Doubling Down:
An Interview with Lee Chang-dong
By Adam Nayman

A critical sensation at Cannes—where it surprisingly and inexplicably went home empty-handed in terms of official jury prizes—Lee Chang-dong’s muscularly metaphysical thriller Burning has emerged as one of the fall’s breakout art-house hits. Skillfully mixing elements of Haruki Murakami’s short story “Barn Burning” with the spacious existentialism of his earlier movies—especially 2007’s Secret Sunshine, which deals with similar themes of guilt and obsession—Burning concerns a farmer’s son, Jongsoo (Yoo Ah-in) who becomes romantic rivals with a rich kid from one of Seoul’s poshest neighborhoods; his name is Ben (Steven Yeun), and as the film goes on, Jongsoo’s frustration shifts from wondering why Haemi (Jeon Jong-seo) is so entranced by him to fearing that he’s capable of doing her harm. Beneath the sturdy vertices of its central melodrama, however, Burning doubles as a bleak, persuasive allegory of economic disparity, using the gulf between Jongsoo and Ben to speak to issues of class, privilege, desire and, especially, a latent, homicidal rage that is all too easy to perceive (if not necessarily evaluate) in a real-world context. Despite its unforeseen brevity, the following interview hints at the surface and subtextual pleasures of a superb movie, while also—perhaps happily—preserving much of its mystery.
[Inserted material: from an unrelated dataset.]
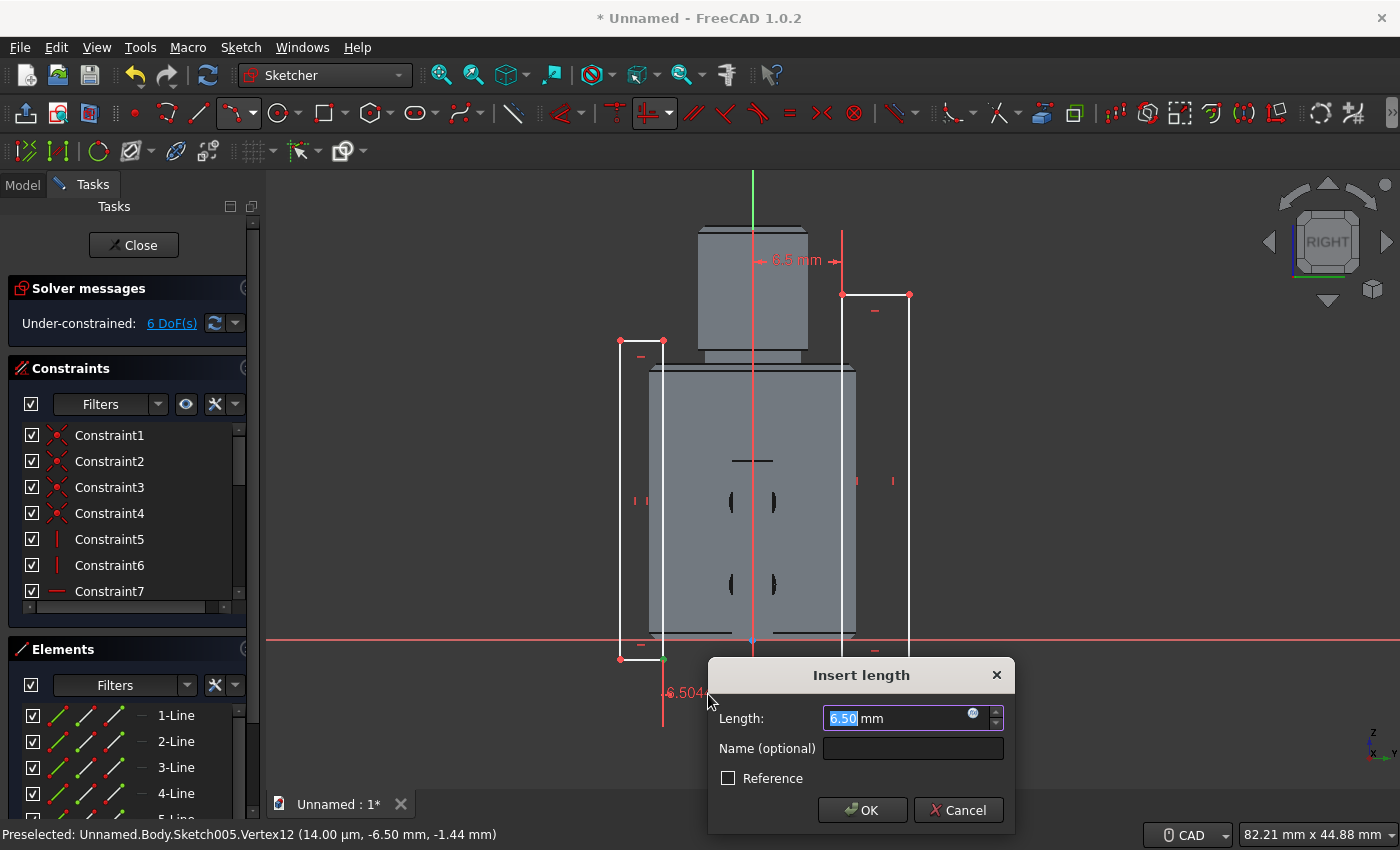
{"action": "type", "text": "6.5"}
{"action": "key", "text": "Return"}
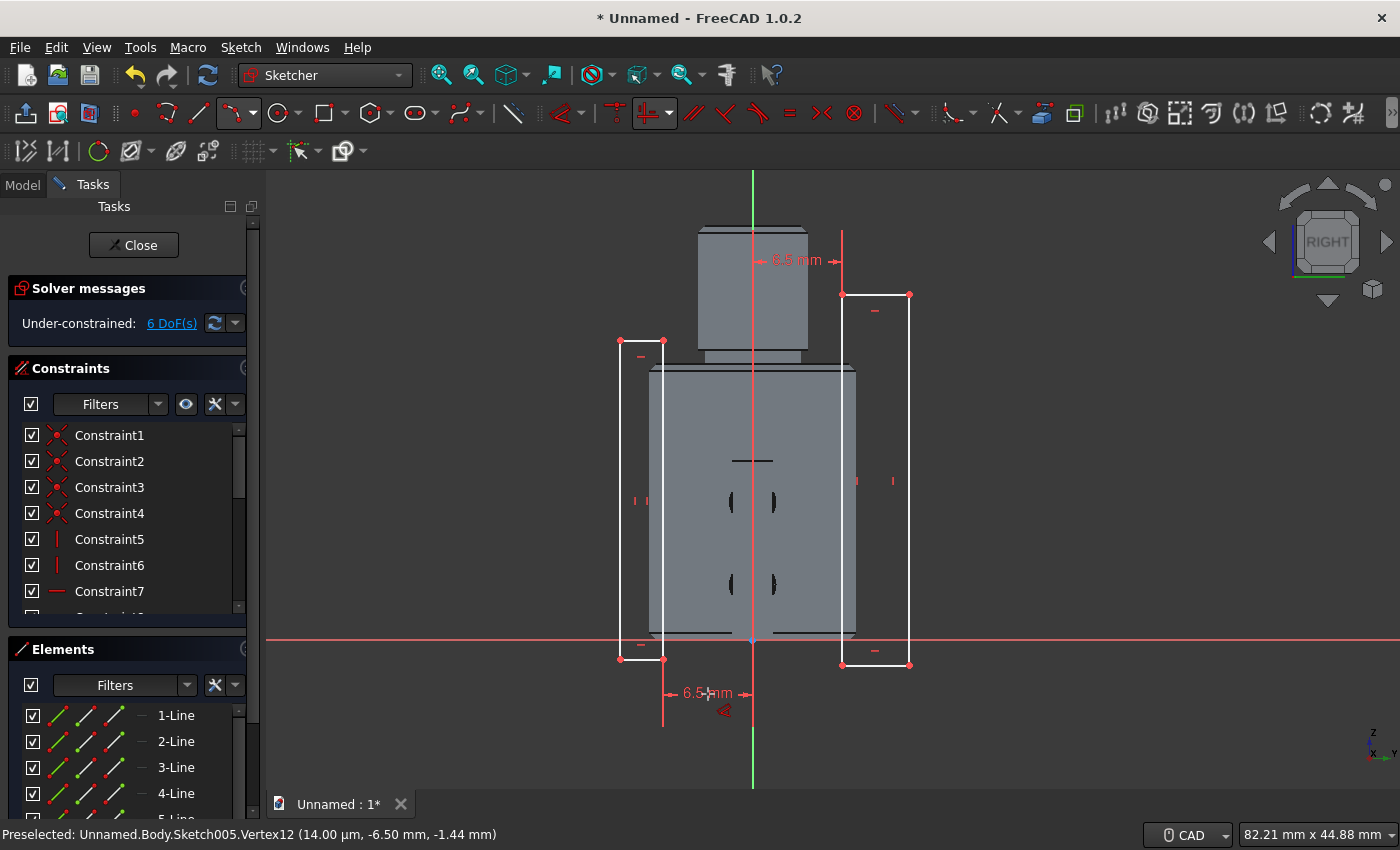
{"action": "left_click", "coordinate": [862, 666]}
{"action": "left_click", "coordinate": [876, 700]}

Reverse Shot: Can you talk about shifting the setting of Murakami’s short story “Barn Burning” from Japan to South Korea? What effect did that have on the material or the subtext of the characters and their relationships?

Lee Chang-dong: I have to say that I didn’t really find any difficulty in transposing the story, because I didn’t think the source material was based in any detailed or specific reality. I felt that the events of “Barn Burning” could be taken out of its original context and applied to a story about young people in Korea, but also anywhere in the world.

RS: It seems to me that that idea of a globalized world comes through in a few small touches, like having Trump appear briefly on television, or even the use of the North/South Korean border as a backdrop. These feel like gestures towards a larger, contemporary context.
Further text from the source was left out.